Phenotypic profiling reveals polystyrene nanoplastics elicit sublethal and lethal effects on cellular morphology in rainbow trout gill epithelial cells

Abstract

Extensive knowledge is available on the impacts of both engineered nanomaterials (ENMs) and microplastics (MPs), yet there remains a critical gap in understanding the impacts of nanoplastics, and the cellular and subcellular effects at sublethal concentrations. This study investigates the impacts of polystyrene nanoplastics (PS NPs) on Oncorhynchus mykiss (rainbow trout) gill epithelial cells, emphasizing the crucial role of surface charge in nano–bio interactions.
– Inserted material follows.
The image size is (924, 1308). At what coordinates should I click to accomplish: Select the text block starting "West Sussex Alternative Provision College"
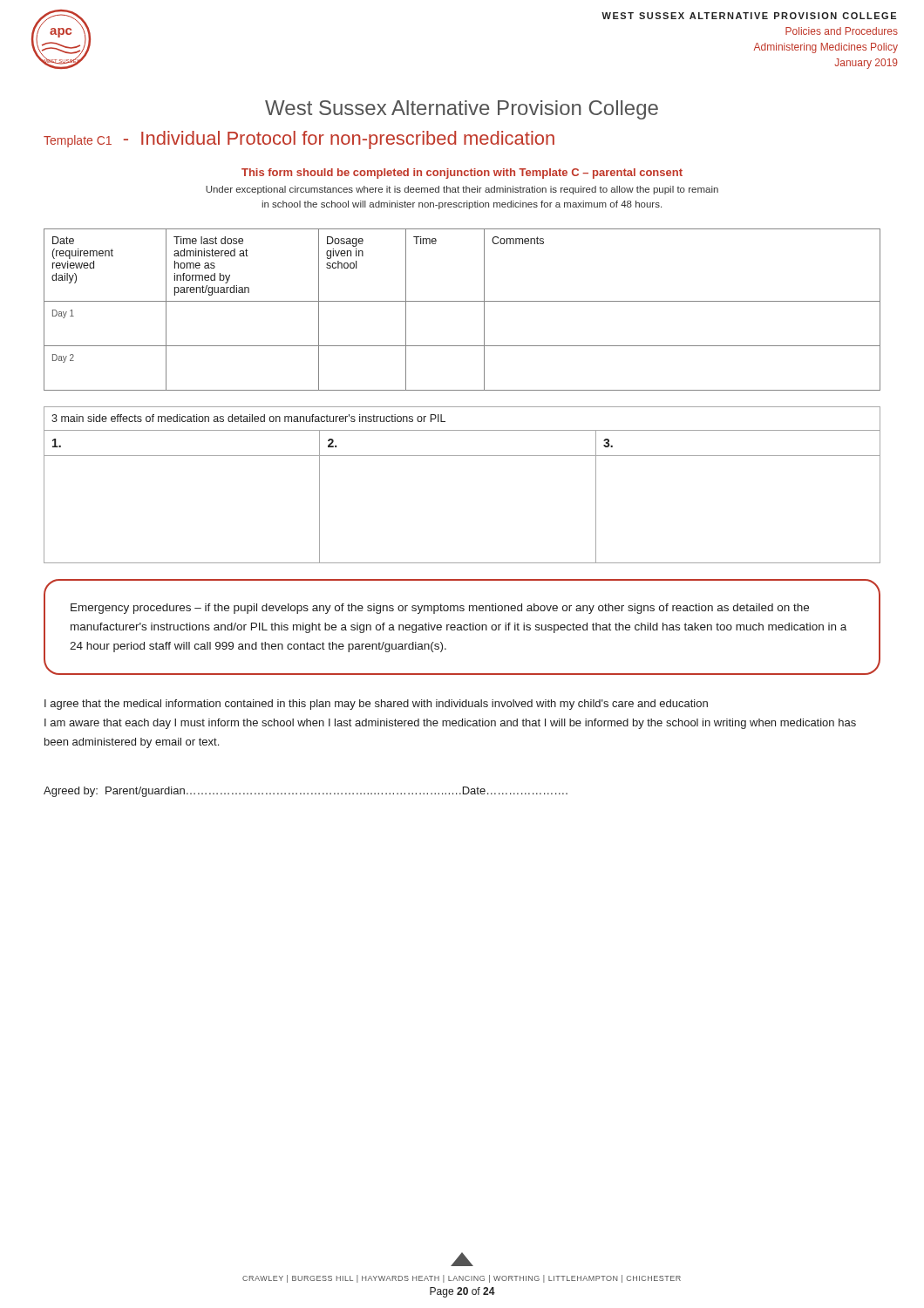point(462,108)

The current study employs both traditional and non-traditional toxicological techniques presenting an image-based study to examine PS NP–cellular interactions at sublethal and lethal doses. Our findings demonstrated that relative to the uncharged and negatively charged PS NPs, the positively charged PS NPs significantly decreased cell viability at 4 μg mL⁻¹ (EC₅₀: 4.31 μg mL⁻¹). However, at a sublethal concentration of 2 μg mL⁻¹, phenotypic profiling analysis indicates that positively charged PS NPs elicit a significant change to cellular morphology and suggests key interactions with subcellular components. As the impacts measured are novel, further research into the underlying mechanisms will contribute to our understanding of nanoparticle toxicity in vertebrate species guiding both the policy and sustainable design of nanoparticles.